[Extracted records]
= = = =

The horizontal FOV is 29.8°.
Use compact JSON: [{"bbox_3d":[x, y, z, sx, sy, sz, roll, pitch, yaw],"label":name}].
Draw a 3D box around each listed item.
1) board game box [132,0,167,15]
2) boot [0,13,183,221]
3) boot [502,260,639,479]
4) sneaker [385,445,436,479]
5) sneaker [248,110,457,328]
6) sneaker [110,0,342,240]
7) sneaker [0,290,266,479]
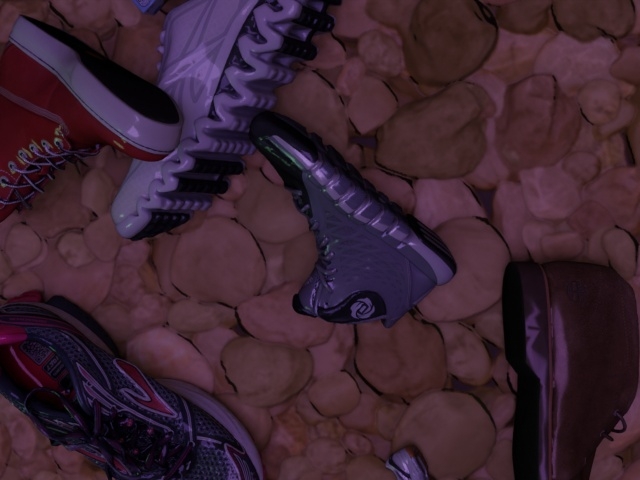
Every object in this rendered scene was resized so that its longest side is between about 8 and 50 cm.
[{"bbox_3d":[-0.128,-0.283,1.018,0.154,0.026,0.103,-44,84,15],"label":"board game box"},{"bbox_3d":[-0.218,-0.073,1.019,0.244,0.088,0.176,34,102,44],"label":"boot"},{"bbox_3d":[0.229,0.169,1.066,0.115,0.112,0.305,-2,95,-7],"label":"boot"},{"bbox_3d":[0.090,0.232,1.118,0.037,0.032,0.083,-27,90,20],"label":"sneaker"},{"bbox_3d":[0.000,0.000,1.053,0.228,0.086,0.132,39,104,-14],"label":"sneaker"},{"bbox_3d":[-0.103,-0.132,1.055,0.118,0.110,0.292,37,98,16],"label":"sneaker"},{"bbox_3d":[-0.186,0.167,1.083,0.299,0.112,0.121,34,98,-2],"label":"sneaker"}]

= = = =

### Goal of the exercise
Give back exactly the lines from the line with "7) sneaker [0,290,266,479]" through the end of the records, both included; keep all pictures out.

### Expected answer
7) sneaker [0,290,266,479]
Every object in this rendered scene was resized so that its longest side is between about 8 and 50 cm.
[{"bbox_3d":[-0.128,-0.283,1.018,0.154,0.026,0.103,-44,84,15],"label":"board game box"},{"bbox_3d":[-0.218,-0.073,1.019,0.244,0.088,0.176,34,102,44],"label":"boot"},{"bbox_3d":[0.229,0.169,1.066,0.115,0.112,0.305,-2,95,-7],"label":"boot"},{"bbox_3d":[0.090,0.232,1.118,0.037,0.032,0.083,-27,90,20],"label":"sneaker"},{"bbox_3d":[0.000,0.000,1.053,0.228,0.086,0.132,39,104,-14],"label":"sneaker"},{"bbox_3d":[-0.103,-0.132,1.055,0.118,0.110,0.292,37,98,16],"label":"sneaker"},{"bbox_3d":[-0.186,0.167,1.083,0.299,0.112,0.121,34,98,-2],"label":"sneaker"}]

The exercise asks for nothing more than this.